WHAT THIS TASK INVOLVES -> Search the records for the word "prestaties" and pick out every line that has it.

EXERCISE INPUTS ->
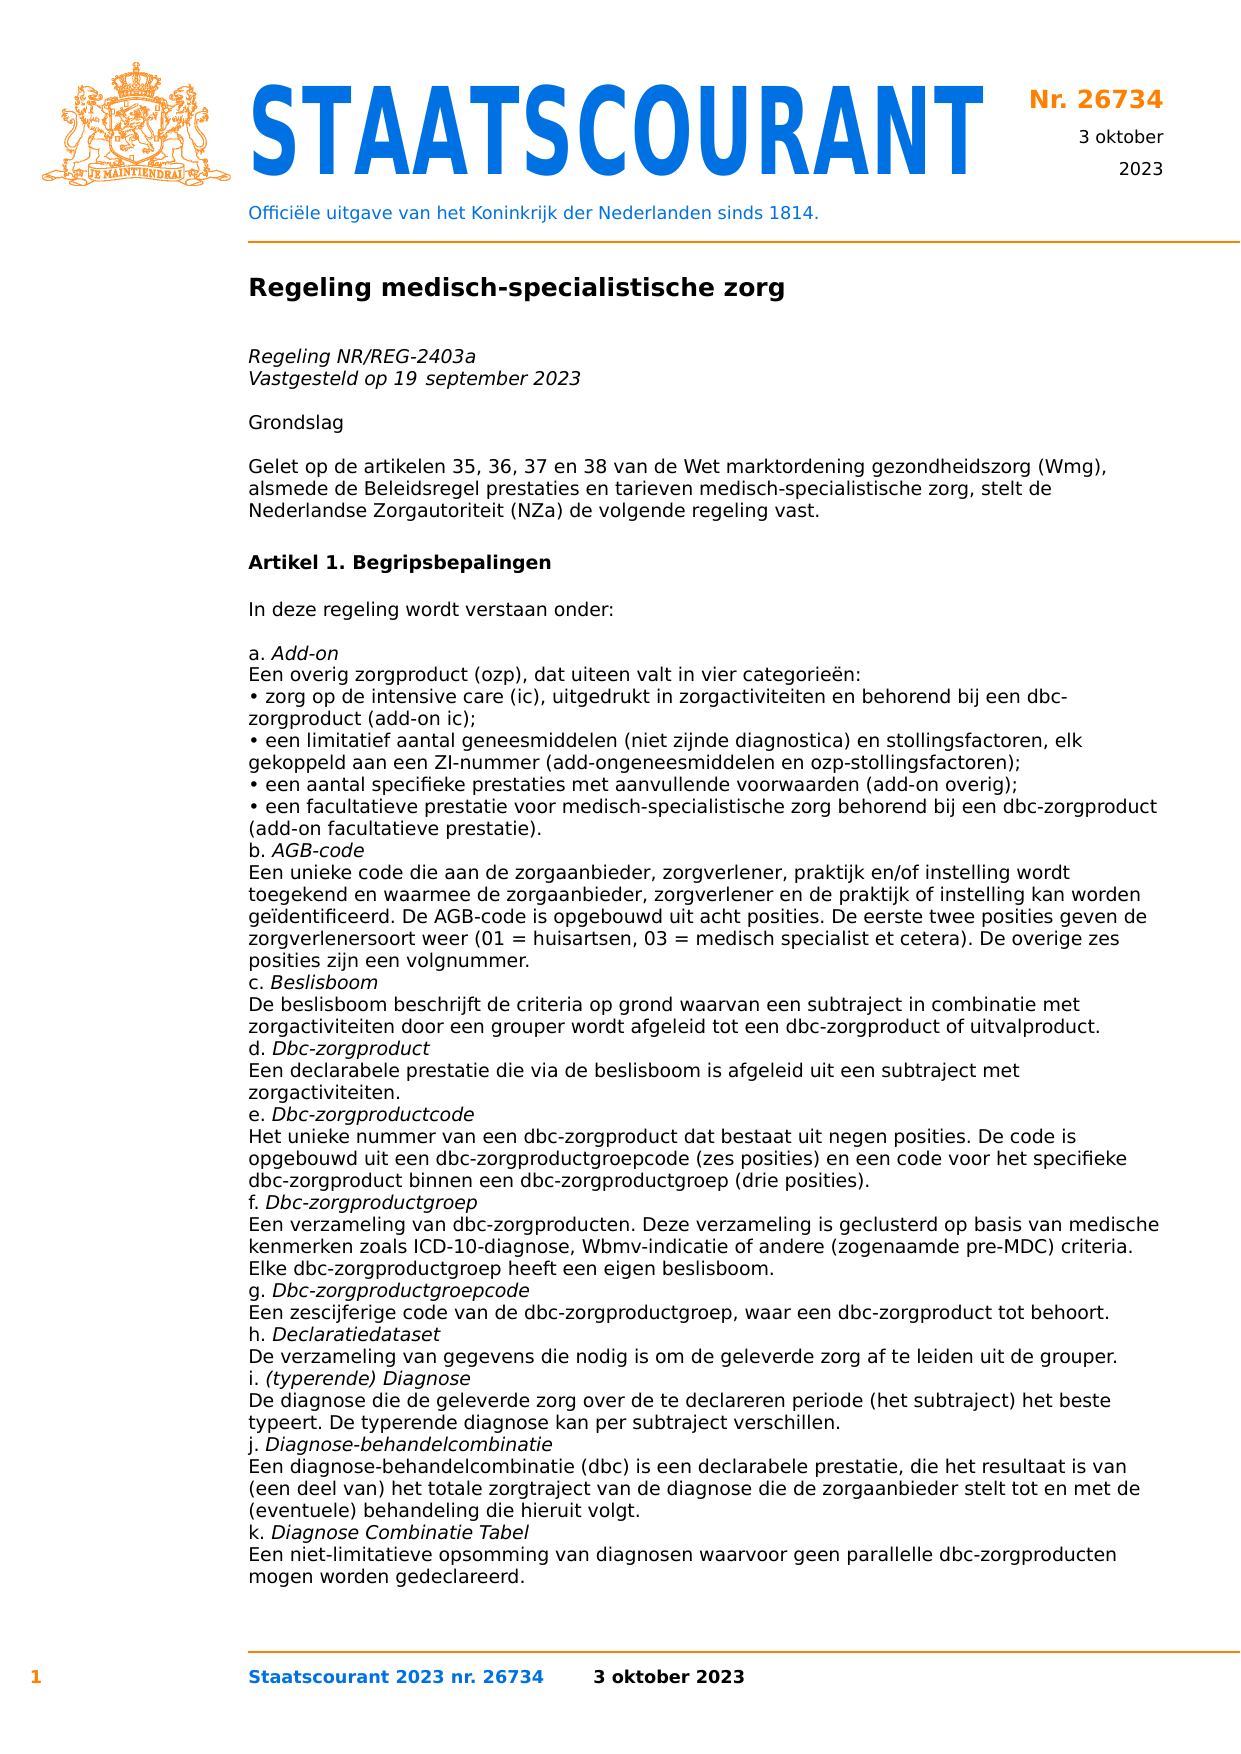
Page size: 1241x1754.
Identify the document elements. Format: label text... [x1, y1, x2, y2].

text Vastgesteld op 19 september 2023 [248, 368, 1163, 390]
text c. Beslisboom [248, 972, 1163, 994]
picture [41, 62, 231, 186]
text Een overig zorgproduct (ozp), dat uiteen valt in vier categorieën: [248, 664, 1163, 686]
text Regeling NR/REG-2403a [248, 346, 1163, 368]
text In deze regeling wordt verstaan onder: [248, 598, 1163, 621]
text • een aantal specifieke prestaties met aanvullende voorwaarden (add-on overig); [248, 774, 1163, 796]
text • zorg op de intensive care (ic), uitgedrukt in zorgactiviteiten en behorend bij een dbc-zorgproduct (add-on ic); [248, 686, 1163, 730]
text Een verzameling van dbc-zorgproducten. Deze verzameling is geclusterd op basis van medische kenmerken zoals ICD-10-diagnose, Wbmv-indicatie of andere (zogenaamde pre-MDC) criteria. Elke dbc-zorgproductgroep heeft een eigen beslisboom. [248, 1214, 1163, 1280]
text e. Dbc-zorgproductcode [248, 1104, 1163, 1126]
text De diagnose die de geleverde zorg over de te declareren periode (het subtraject) het beste typeert. De typerende diagnose kan per subtraject verschillen. [248, 1390, 1163, 1434]
table_header [25, 62, 248, 241]
text j. Diagnose-behandelcombinatie [248, 1434, 1163, 1456]
text Het unieke nummer van een dbc-zorgproduct dat bestaat uit negen posities. De code is opgebouwd uit een dbc-zorgproductgroepcode (zes posities) en een code voor het specifieke dbc-zorgproduct binnen een dbc-zorgproductgroep (drie posities). [248, 1126, 1163, 1192]
text • een limitatief aantal geneesmiddelen (niet zijnde diagnostica) en stollingsfactoren, elk gekoppeld aan een ZI-nummer (add-ongeneesmiddelen en ozp-stollingsfactoren); [248, 730, 1163, 774]
table_cell Officiële uitgave van het Koninkrijk der Nederlanden sinds 1814. [248, 203, 1240, 241]
text i. (typerende) Diagnose [248, 1368, 1163, 1390]
text Een unieke code die aan de zorgaanbieder, zorgverlener, praktijk en/of instelling wordt toegekend en waarmee de zorgaanbieder, zorgverlener en de praktijk of instelling kan worden geïdentificeerd. De AGB-code is opgebouwd uit acht posities. De eerste twee posities geven de zorgverlenersoort weer (01 = huisartsen, 03 = medisch specialist et cetera). De overige zes posities zijn een volgnummer. [248, 862, 1163, 972]
subtitle Artikel 1. Begripsbepalingen [248, 552, 1163, 573]
text k. Diagnose Combinatie Tabel [248, 1522, 1163, 1543]
table_header Nr. 26734 [998, 62, 1240, 121]
text h. Declaratiedataset [248, 1324, 1163, 1346]
text Een diagnose-behandelcombinatie (dbc) is een declarabele prestatie, die het resultaat is van (een deel van) het totale zorgtraject van de diagnose die de zorgaanbieder stelt tot en met de (eventuele) behandeling die hieruit volgt. [248, 1456, 1163, 1522]
text d. Dbc-zorgproduct [248, 1038, 1163, 1060]
text g. Dbc-zorgproductgroepcode [248, 1280, 1163, 1302]
text De beslisboom beschrijft de criteria op grond waarvan een subtraject in combinatie met zorgactiviteiten door een grouper wordt afgeleid tot een dbc-zorgproduct of uitvalproduct. [248, 994, 1163, 1038]
table_cell 3 oktober [998, 121, 1240, 153]
text Een niet-limitatieve opsomming van diagnosen waarvoor geen parallelle dbc-zorgproducten mogen worden gedeclareerd. [248, 1543, 1163, 1587]
text • een facultatieve prestatie voor medisch-specialistische zorg behorend bij een dbc-zorgproduct (add-on facultatieve prestatie). [248, 796, 1163, 840]
text De verzameling van gegevens die nodig is om de geleverde zorg af te leiden uit de grouper. [248, 1346, 1163, 1368]
text Een declarabele prestatie die via de beslisboom is afgeleid uit een subtraject met zorgactiviteiten. [248, 1060, 1163, 1104]
table_header STAATSCOURANT [248, 62, 998, 203]
text Een zescijferige code van de dbc-zorgproductgroep, waar een dbc-zorgproduct tot behoort. [248, 1302, 1163, 1324]
text b. AGB-code [248, 840, 1163, 862]
text Gelet op de artikelen 35, 36, 37 en 38 van de Wet marktordening gezondheidszorg (Wmg), alsmede de Beleidsregel prestaties en tarieven medisch-specialistische zorg, stelt de Nederlandse Zorgautoriteit (NZa) de volgende regeling vast. [248, 456, 1163, 522]
subtitle Regeling medisch-specialistische zorg [248, 273, 1163, 302]
text a. Add-on [248, 642, 1163, 664]
text f. Dbc-zorgproductgroep [248, 1192, 1163, 1214]
text Grondslag [248, 412, 1163, 434]
table_cell 2023 [998, 153, 1240, 203]

ANSWER ->
text • een aantal specifieke prestaties met aanvullende voorwaarden (add-on overig); [248, 774, 1163, 796]
text Gelet op de artikelen 35, 36, 37 en 38 van de Wet marktordening gezondheidszorg (Wmg), alsmede de Beleidsregel prestaties en tarieven medisch-specialistische zorg, stelt de Nederlandse Zorgautoriteit (NZa) de volgende regeling vast. [248, 456, 1163, 522]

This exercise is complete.